WHAT YOU HAVE TO DO :: All the records that follow need to be reproduced exactly. Omit the images.

EXTRACTED ENTRIES ::
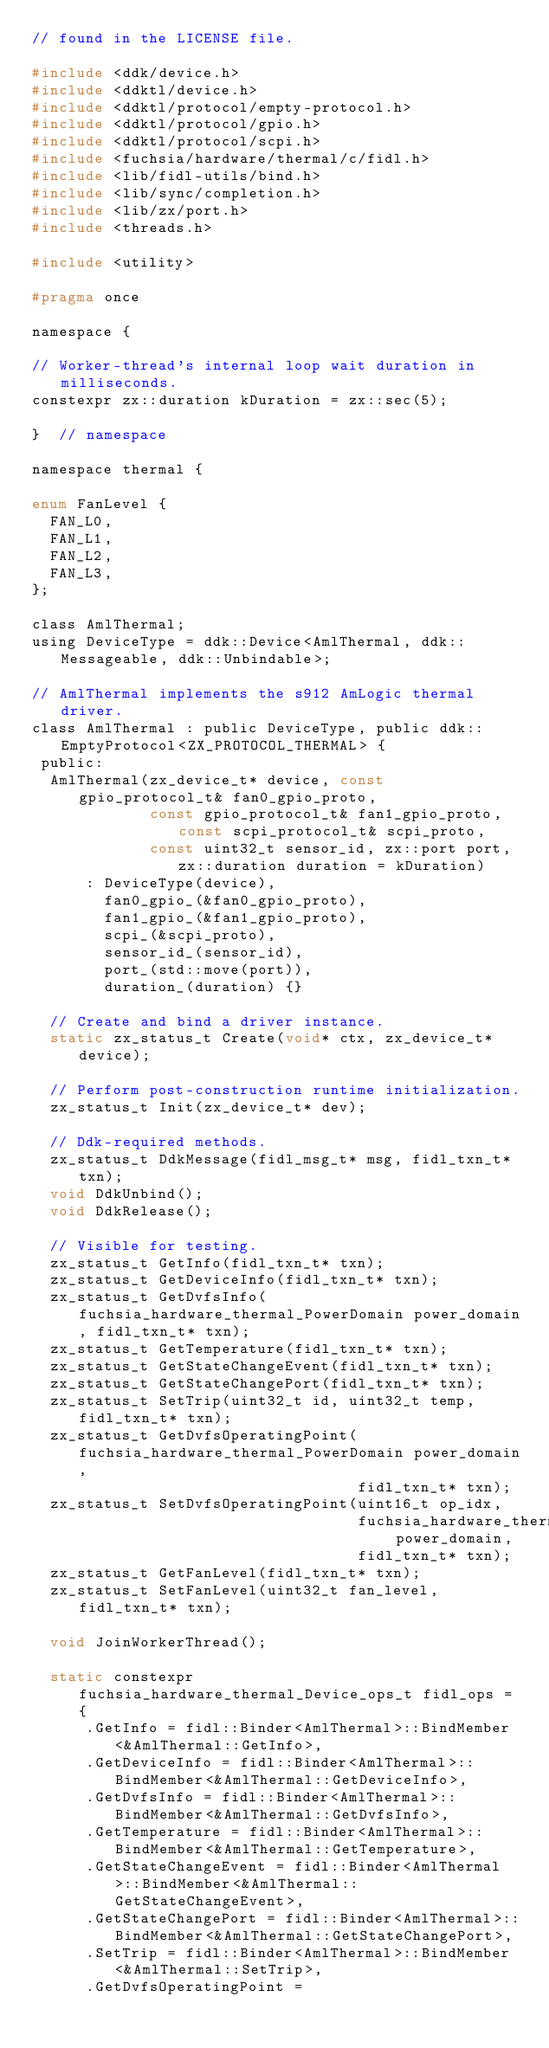<code> <loc_0><loc_0><loc_500><loc_500><_C_>// found in the LICENSE file.

#include <ddk/device.h>
#include <ddktl/device.h>
#include <ddktl/protocol/empty-protocol.h>
#include <ddktl/protocol/gpio.h>
#include <ddktl/protocol/scpi.h>
#include <fuchsia/hardware/thermal/c/fidl.h>
#include <lib/fidl-utils/bind.h>
#include <lib/sync/completion.h>
#include <lib/zx/port.h>
#include <threads.h>

#include <utility>

#pragma once

namespace {

// Worker-thread's internal loop wait duration in milliseconds.
constexpr zx::duration kDuration = zx::sec(5);

}  // namespace

namespace thermal {

enum FanLevel {
  FAN_L0,
  FAN_L1,
  FAN_L2,
  FAN_L3,
};

class AmlThermal;
using DeviceType = ddk::Device<AmlThermal, ddk::Messageable, ddk::Unbindable>;

// AmlThermal implements the s912 AmLogic thermal driver.
class AmlThermal : public DeviceType, public ddk::EmptyProtocol<ZX_PROTOCOL_THERMAL> {
 public:
  AmlThermal(zx_device_t* device, const gpio_protocol_t& fan0_gpio_proto,
             const gpio_protocol_t& fan1_gpio_proto, const scpi_protocol_t& scpi_proto,
             const uint32_t sensor_id, zx::port port, zx::duration duration = kDuration)
      : DeviceType(device),
        fan0_gpio_(&fan0_gpio_proto),
        fan1_gpio_(&fan1_gpio_proto),
        scpi_(&scpi_proto),
        sensor_id_(sensor_id),
        port_(std::move(port)),
        duration_(duration) {}

  // Create and bind a driver instance.
  static zx_status_t Create(void* ctx, zx_device_t* device);

  // Perform post-construction runtime initialization.
  zx_status_t Init(zx_device_t* dev);

  // Ddk-required methods.
  zx_status_t DdkMessage(fidl_msg_t* msg, fidl_txn_t* txn);
  void DdkUnbind();
  void DdkRelease();

  // Visible for testing.
  zx_status_t GetInfo(fidl_txn_t* txn);
  zx_status_t GetDeviceInfo(fidl_txn_t* txn);
  zx_status_t GetDvfsInfo(fuchsia_hardware_thermal_PowerDomain power_domain, fidl_txn_t* txn);
  zx_status_t GetTemperature(fidl_txn_t* txn);
  zx_status_t GetStateChangeEvent(fidl_txn_t* txn);
  zx_status_t GetStateChangePort(fidl_txn_t* txn);
  zx_status_t SetTrip(uint32_t id, uint32_t temp, fidl_txn_t* txn);
  zx_status_t GetDvfsOperatingPoint(fuchsia_hardware_thermal_PowerDomain power_domain,
                                    fidl_txn_t* txn);
  zx_status_t SetDvfsOperatingPoint(uint16_t op_idx,
                                    fuchsia_hardware_thermal_PowerDomain power_domain,
                                    fidl_txn_t* txn);
  zx_status_t GetFanLevel(fidl_txn_t* txn);
  zx_status_t SetFanLevel(uint32_t fan_level, fidl_txn_t* txn);

  void JoinWorkerThread();

  static constexpr fuchsia_hardware_thermal_Device_ops_t fidl_ops = {
      .GetInfo = fidl::Binder<AmlThermal>::BindMember<&AmlThermal::GetInfo>,
      .GetDeviceInfo = fidl::Binder<AmlThermal>::BindMember<&AmlThermal::GetDeviceInfo>,
      .GetDvfsInfo = fidl::Binder<AmlThermal>::BindMember<&AmlThermal::GetDvfsInfo>,
      .GetTemperature = fidl::Binder<AmlThermal>::BindMember<&AmlThermal::GetTemperature>,
      .GetStateChangeEvent = fidl::Binder<AmlThermal>::BindMember<&AmlThermal::GetStateChangeEvent>,
      .GetStateChangePort = fidl::Binder<AmlThermal>::BindMember<&AmlThermal::GetStateChangePort>,
      .SetTrip = fidl::Binder<AmlThermal>::BindMember<&AmlThermal::SetTrip>,
      .GetDvfsOperatingPoint =</code>

OUTPUT ::
<code> <loc_0><loc_0><loc_500><loc_500><_C_>// found in the LICENSE file.

#include <ddk/device.h>
#include <ddktl/device.h>
#include <ddktl/protocol/empty-protocol.h>
#include <ddktl/protocol/gpio.h>
#include <ddktl/protocol/scpi.h>
#include <fuchsia/hardware/thermal/c/fidl.h>
#include <lib/fidl-utils/bind.h>
#include <lib/sync/completion.h>
#include <lib/zx/port.h>
#include <threads.h>

#include <utility>

#pragma once

namespace {

// Worker-thread's internal loop wait duration in milliseconds.
constexpr zx::duration kDuration = zx::sec(5);

}  // namespace

namespace thermal {

enum FanLevel {
  FAN_L0,
  FAN_L1,
  FAN_L2,
  FAN_L3,
};

class AmlThermal;
using DeviceType = ddk::Device<AmlThermal, ddk::Messageable, ddk::Unbindable>;

// AmlThermal implements the s912 AmLogic thermal driver.
class AmlThermal : public DeviceType, public ddk::EmptyProtocol<ZX_PROTOCOL_THERMAL> {
 public:
  AmlThermal(zx_device_t* device, const gpio_protocol_t& fan0_gpio_proto,
             const gpio_protocol_t& fan1_gpio_proto, const scpi_protocol_t& scpi_proto,
             const uint32_t sensor_id, zx::port port, zx::duration duration = kDuration)
      : DeviceType(device),
        fan0_gpio_(&fan0_gpio_proto),
        fan1_gpio_(&fan1_gpio_proto),
        scpi_(&scpi_proto),
        sensor_id_(sensor_id),
        port_(std::move(port)),
        duration_(duration) {}

  // Create and bind a driver instance.
  static zx_status_t Create(void* ctx, zx_device_t* device);

  // Perform post-construction runtime initialization.
  zx_status_t Init(zx_device_t* dev);

  // Ddk-required methods.
  zx_status_t DdkMessage(fidl_msg_t* msg, fidl_txn_t* txn);
  void DdkUnbind();
  void DdkRelease();

  // Visible for testing.
  zx_status_t GetInfo(fidl_txn_t* txn);
  zx_status_t GetDeviceInfo(fidl_txn_t* txn);
  zx_status_t GetDvfsInfo(fuchsia_hardware_thermal_PowerDomain power_domain, fidl_txn_t* txn);
  zx_status_t GetTemperature(fidl_txn_t* txn);
  zx_status_t GetStateChangeEvent(fidl_txn_t* txn);
  zx_status_t GetStateChangePort(fidl_txn_t* txn);
  zx_status_t SetTrip(uint32_t id, uint32_t temp, fidl_txn_t* txn);
  zx_status_t GetDvfsOperatingPoint(fuchsia_hardware_thermal_PowerDomain power_domain,
                                    fidl_txn_t* txn);
  zx_status_t SetDvfsOperatingPoint(uint16_t op_idx,
                                    fuchsia_hardware_thermal_PowerDomain power_domain,
                                    fidl_txn_t* txn);
  zx_status_t GetFanLevel(fidl_txn_t* txn);
  zx_status_t SetFanLevel(uint32_t fan_level, fidl_txn_t* txn);

  void JoinWorkerThread();

  static constexpr fuchsia_hardware_thermal_Device_ops_t fidl_ops = {
      .GetInfo = fidl::Binder<AmlThermal>::BindMember<&AmlThermal::GetInfo>,
      .GetDeviceInfo = fidl::Binder<AmlThermal>::BindMember<&AmlThermal::GetDeviceInfo>,
      .GetDvfsInfo = fidl::Binder<AmlThermal>::BindMember<&AmlThermal::GetDvfsInfo>,
      .GetTemperature = fidl::Binder<AmlThermal>::BindMember<&AmlThermal::GetTemperature>,
      .GetStateChangeEvent = fidl::Binder<AmlThermal>::BindMember<&AmlThermal::GetStateChangeEvent>,
      .GetStateChangePort = fidl::Binder<AmlThermal>::BindMember<&AmlThermal::GetStateChangePort>,
      .SetTrip = fidl::Binder<AmlThermal>::BindMember<&AmlThermal::SetTrip>,
      .GetDvfsOperatingPoint =</code>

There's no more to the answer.